A Deep Learning Approach for Sentiment Analysis of COVID-19 Reviews

Appl. Sci. 2022, 12(8), 3709; https://doi.org/10.3390/app12083709
by Chetanpal Singh 1,*, Tasadduq Imam 2, Santoso Wibowo 1 and Srimannarayana Grandhi 1
Reviewer 1: Anonymous
Reviewer 2: Anonymous
Reviewer 3: Anonymous
Appl. Sci. 2022, 12(8), 3709; https://doi.org/10.3390/app12083709
Submission received: 10 January 2022 / Revised: 27 March 2022 / Accepted: 29 March 2022 / Published: 7 April 2022
(This article belongs to the Special Issue Artificial Intelligence Computing and Applications for COVID-19)

Round 1

Reviewer 1 Report

1) Looking at some latest work on AI/Machine-Learning based Covid Application; some latest literature seem missing. AI and IoT have been predominant these days. Please include some of them in the introduction/related work to let readers know the latest trends. One example of such a missing article would be:
a) IVACS: Intelligent voice Assistant for Coronavirus Disease (COVID-19) Self-Assessment 

You can find a some more on this: b) Service Robots: Trends and Technology

However, there are more than these. I suggest authors update their literature.

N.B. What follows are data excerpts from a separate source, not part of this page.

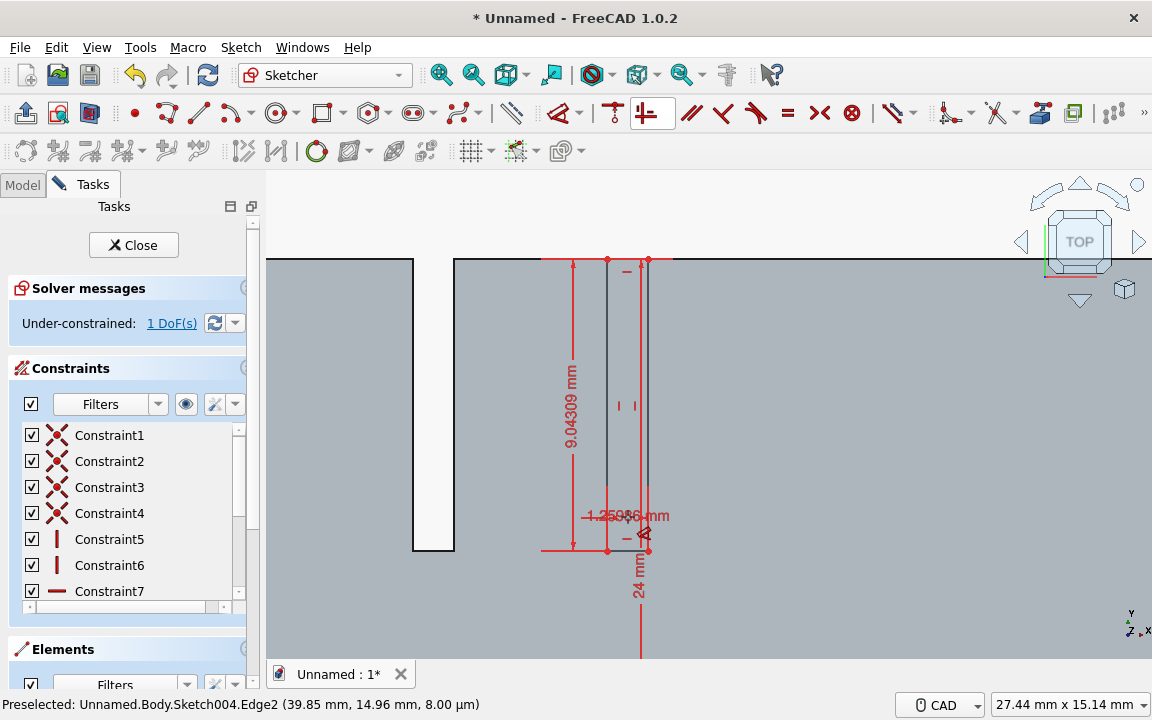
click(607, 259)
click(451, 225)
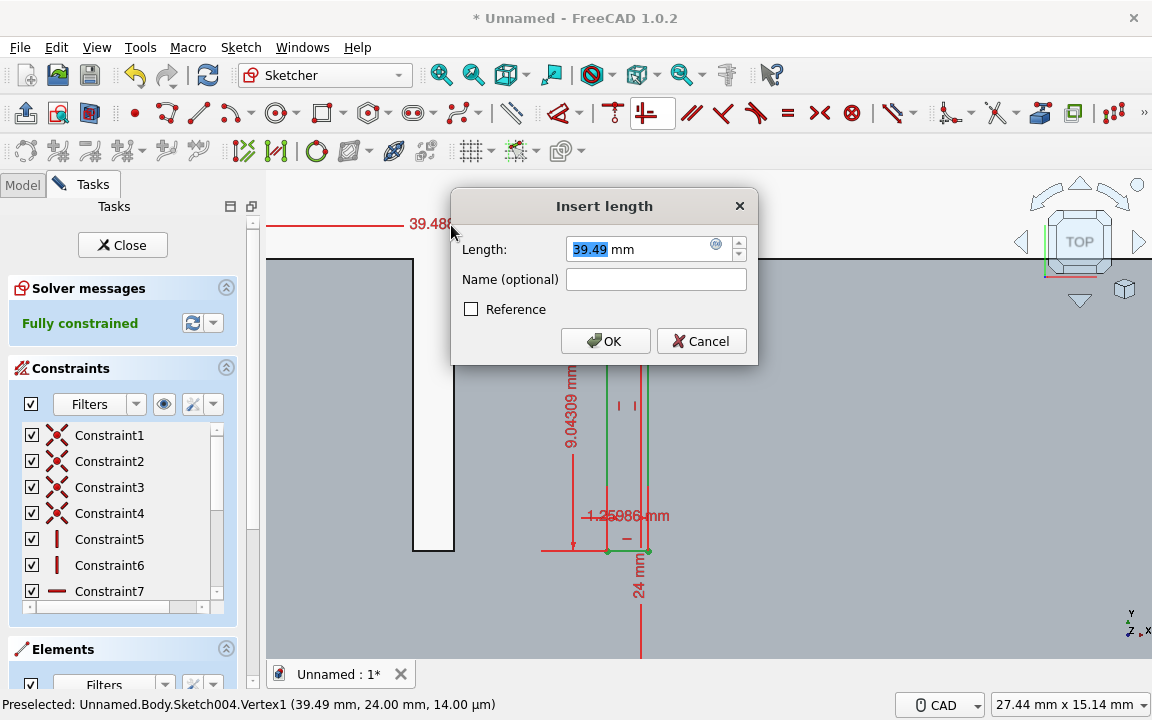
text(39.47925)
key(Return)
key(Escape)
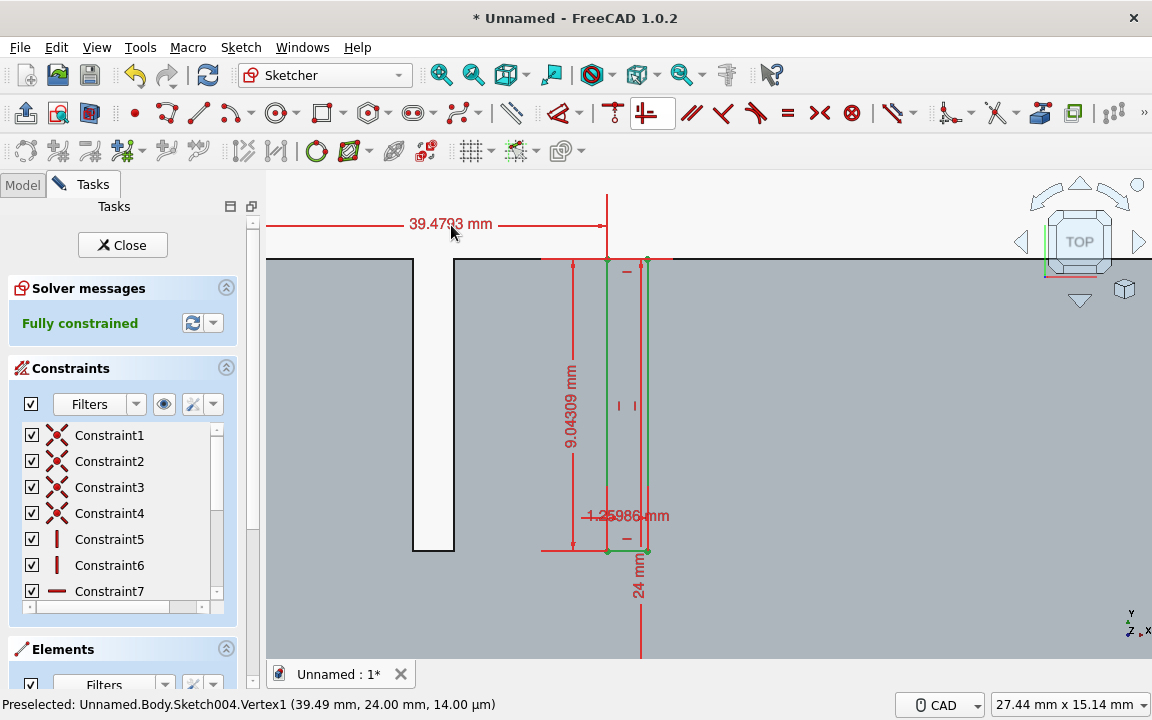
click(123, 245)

2) Figure 1 is more like a testing; please restructure/add figure to define the training process as well. That is your overall architecture.

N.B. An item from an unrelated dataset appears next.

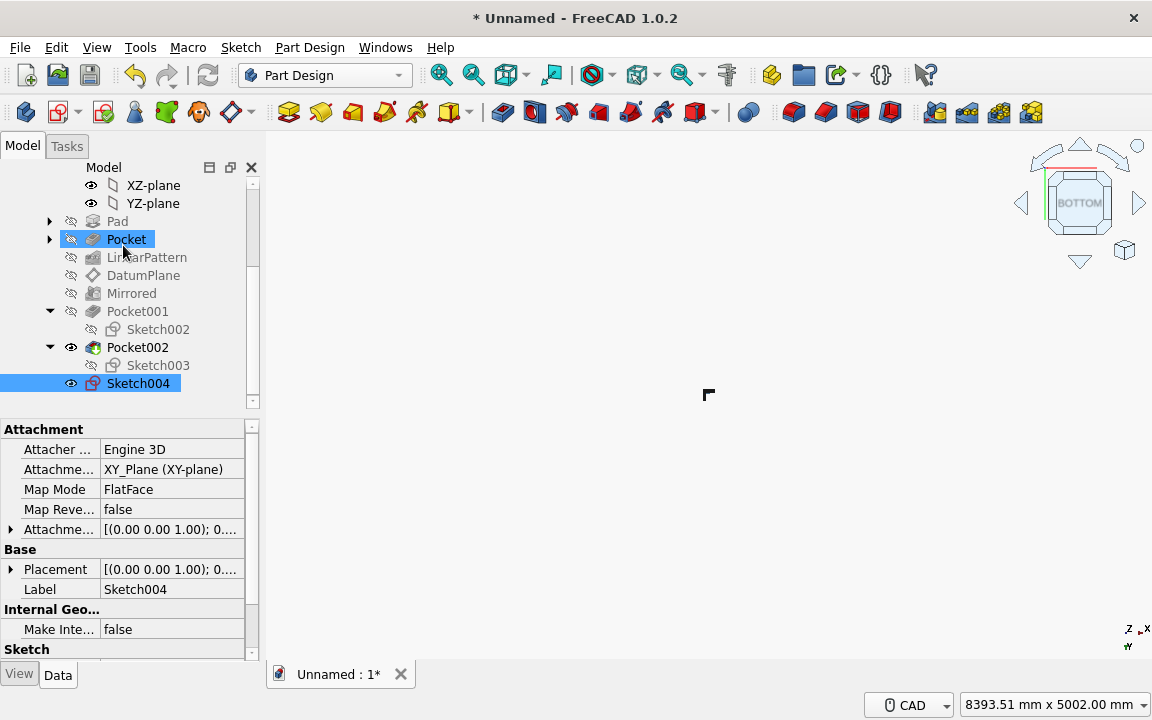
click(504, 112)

3) Why was LSTM used why nor ReLU? Based on the experiment?

4) How as optimal C and gamma parameters in SVM found to avoid overfitting?

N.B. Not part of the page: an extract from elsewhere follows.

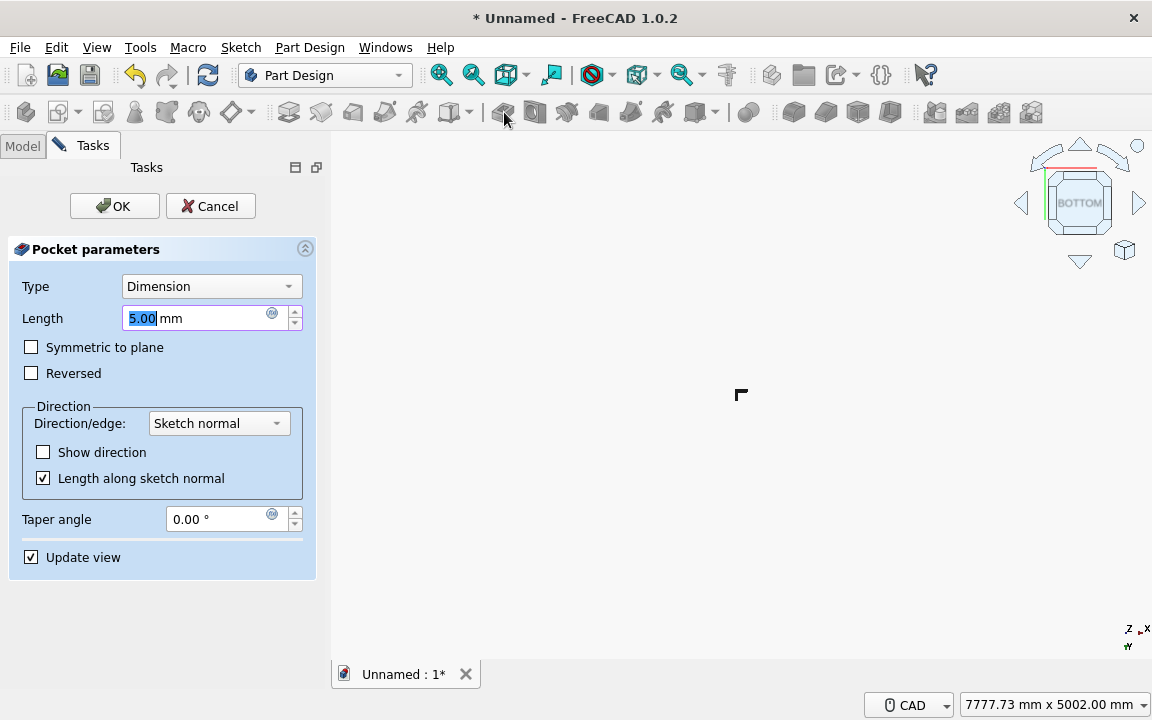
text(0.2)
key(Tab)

5) Comparing this work with the work done by other researchers is recommended.

 

Author Response

Hello Reviwer,

Kindly see the attached document for your review.

Regards

Chetanpal Singh

 

Author Response File: Author Response.docx

Reviewer 2 Report

This paper proposes LSTM-RNN based method which uses an enhanced feature transformation framework via attention mechanism for Sentiment Analysis of COVID-19. Below I give some of the limitations which I have identified and my suggestions for enriching the paper:

  1. I recommend you re-write the main contributions of this paper to the field with simple and clear sentences. I think that it is a little bit hard for readers to select the main contributions from long paragraphs (lines 55-74). 
  2. Please add one figure that can explain your improved part of the LSTM-RNN network in Section 3. For example, it is maybe the overall network structure of the LSTM-RNN network (green color) and your contributions (red color).
  3. Please check the format and style of 13, 14, 15 equations.
  4. Many existing methods and algorithms (such as Naïve Bayes, logistic regression, Random Forest, etc.) are used but did not cite appropriately with reference numbers. Please cite them in Table 6 as well.
  5. A more detailed evaluation and comparison of the state of the art would be appropriate. For instance, Precision-Recall curve and so on. 
  6. To make the work effectively comparable, benchmarks and evaluations should be performed in comparison to the other more famous approaches in the field.
  7. Add a new section named “Limitation and Discussion” to give a limitation of the proposed method and future research gaps in this field.
  8. Please check the style and format of references.
  9. I am not quite sure about the scientific novelty of this paper since almost all equations were used from other works.

Author Response

Hello Reviwer,

Kindly see the attached document for your review.

Regards

Chetanpal Singh

Author Response File: Author Response.docx

Reviewer 3 Report

In my opinion scientific level of this publication is below requirements of this Journal.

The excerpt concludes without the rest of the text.